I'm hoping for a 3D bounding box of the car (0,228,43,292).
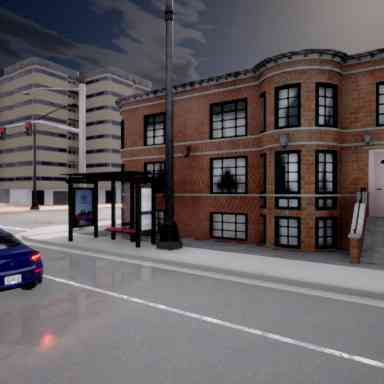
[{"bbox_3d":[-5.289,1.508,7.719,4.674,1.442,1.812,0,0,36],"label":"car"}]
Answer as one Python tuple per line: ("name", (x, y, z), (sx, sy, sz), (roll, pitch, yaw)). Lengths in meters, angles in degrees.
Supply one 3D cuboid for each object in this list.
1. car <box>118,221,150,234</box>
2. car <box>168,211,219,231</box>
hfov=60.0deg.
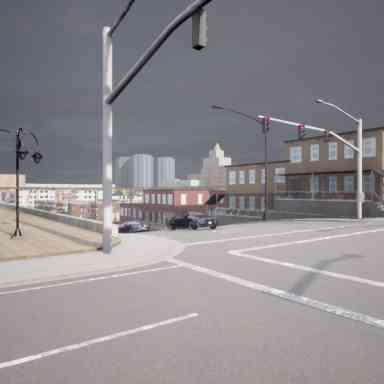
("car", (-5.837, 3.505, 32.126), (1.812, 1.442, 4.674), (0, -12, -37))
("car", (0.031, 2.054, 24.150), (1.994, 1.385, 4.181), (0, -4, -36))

...

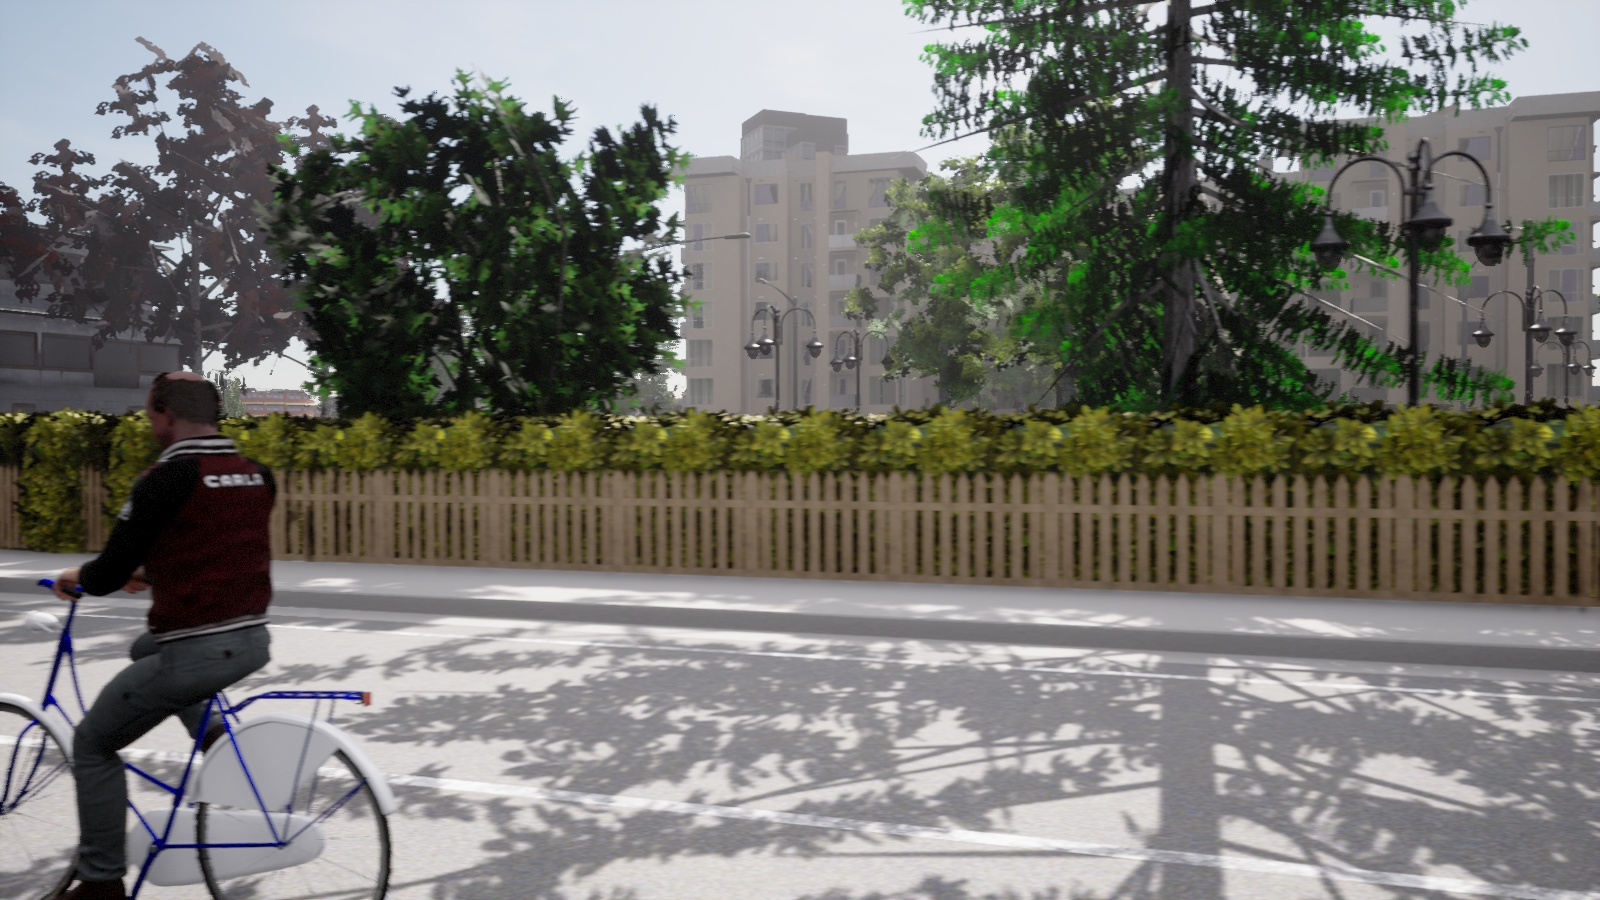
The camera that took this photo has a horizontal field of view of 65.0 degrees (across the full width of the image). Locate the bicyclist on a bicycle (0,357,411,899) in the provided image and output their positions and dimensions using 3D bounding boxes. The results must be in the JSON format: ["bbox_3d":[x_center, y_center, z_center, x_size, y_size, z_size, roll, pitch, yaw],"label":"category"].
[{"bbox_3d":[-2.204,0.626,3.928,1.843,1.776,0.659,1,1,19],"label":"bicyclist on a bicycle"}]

...

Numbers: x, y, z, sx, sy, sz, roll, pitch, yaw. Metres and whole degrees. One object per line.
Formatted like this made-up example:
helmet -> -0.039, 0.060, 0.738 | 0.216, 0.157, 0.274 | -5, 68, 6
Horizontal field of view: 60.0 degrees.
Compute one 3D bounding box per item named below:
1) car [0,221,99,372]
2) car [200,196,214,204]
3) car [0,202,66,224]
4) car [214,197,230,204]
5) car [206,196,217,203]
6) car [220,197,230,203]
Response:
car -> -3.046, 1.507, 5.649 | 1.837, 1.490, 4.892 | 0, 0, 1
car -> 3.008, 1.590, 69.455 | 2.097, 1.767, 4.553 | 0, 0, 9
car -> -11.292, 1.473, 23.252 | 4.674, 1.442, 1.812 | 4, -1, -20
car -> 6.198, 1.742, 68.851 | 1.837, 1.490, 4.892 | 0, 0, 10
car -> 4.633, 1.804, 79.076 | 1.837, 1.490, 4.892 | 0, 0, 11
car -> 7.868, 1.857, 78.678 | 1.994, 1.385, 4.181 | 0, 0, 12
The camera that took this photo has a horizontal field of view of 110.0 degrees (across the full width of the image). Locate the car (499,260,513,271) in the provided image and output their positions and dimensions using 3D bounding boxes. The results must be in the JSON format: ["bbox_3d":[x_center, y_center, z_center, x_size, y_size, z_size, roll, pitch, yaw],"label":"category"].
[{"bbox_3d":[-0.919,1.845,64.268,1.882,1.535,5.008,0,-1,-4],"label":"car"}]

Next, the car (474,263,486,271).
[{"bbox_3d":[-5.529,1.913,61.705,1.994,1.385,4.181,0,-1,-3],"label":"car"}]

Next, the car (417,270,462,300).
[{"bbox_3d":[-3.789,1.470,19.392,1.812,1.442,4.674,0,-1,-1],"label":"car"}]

-- WHAT TO PRODUCE --
From the data above, return exactly the lines from the one with "I'm hoping for" up to and including the one with "Answer as one". Pictures do not go in the copy.

-- EXERCISE RESULT --
I'm hoping for a 3D bounding box of the car (0,228,43,292).
[{"bbox_3d":[-5.289,1.508,7.719,4.674,1.442,1.812,0,0,36],"label":"car"}]
Answer as one Python tuple per line: ("name", (x, y, z), (sx, sy, sz), (roll, pitch, yaw)). Lengths in meters, angles in degrees.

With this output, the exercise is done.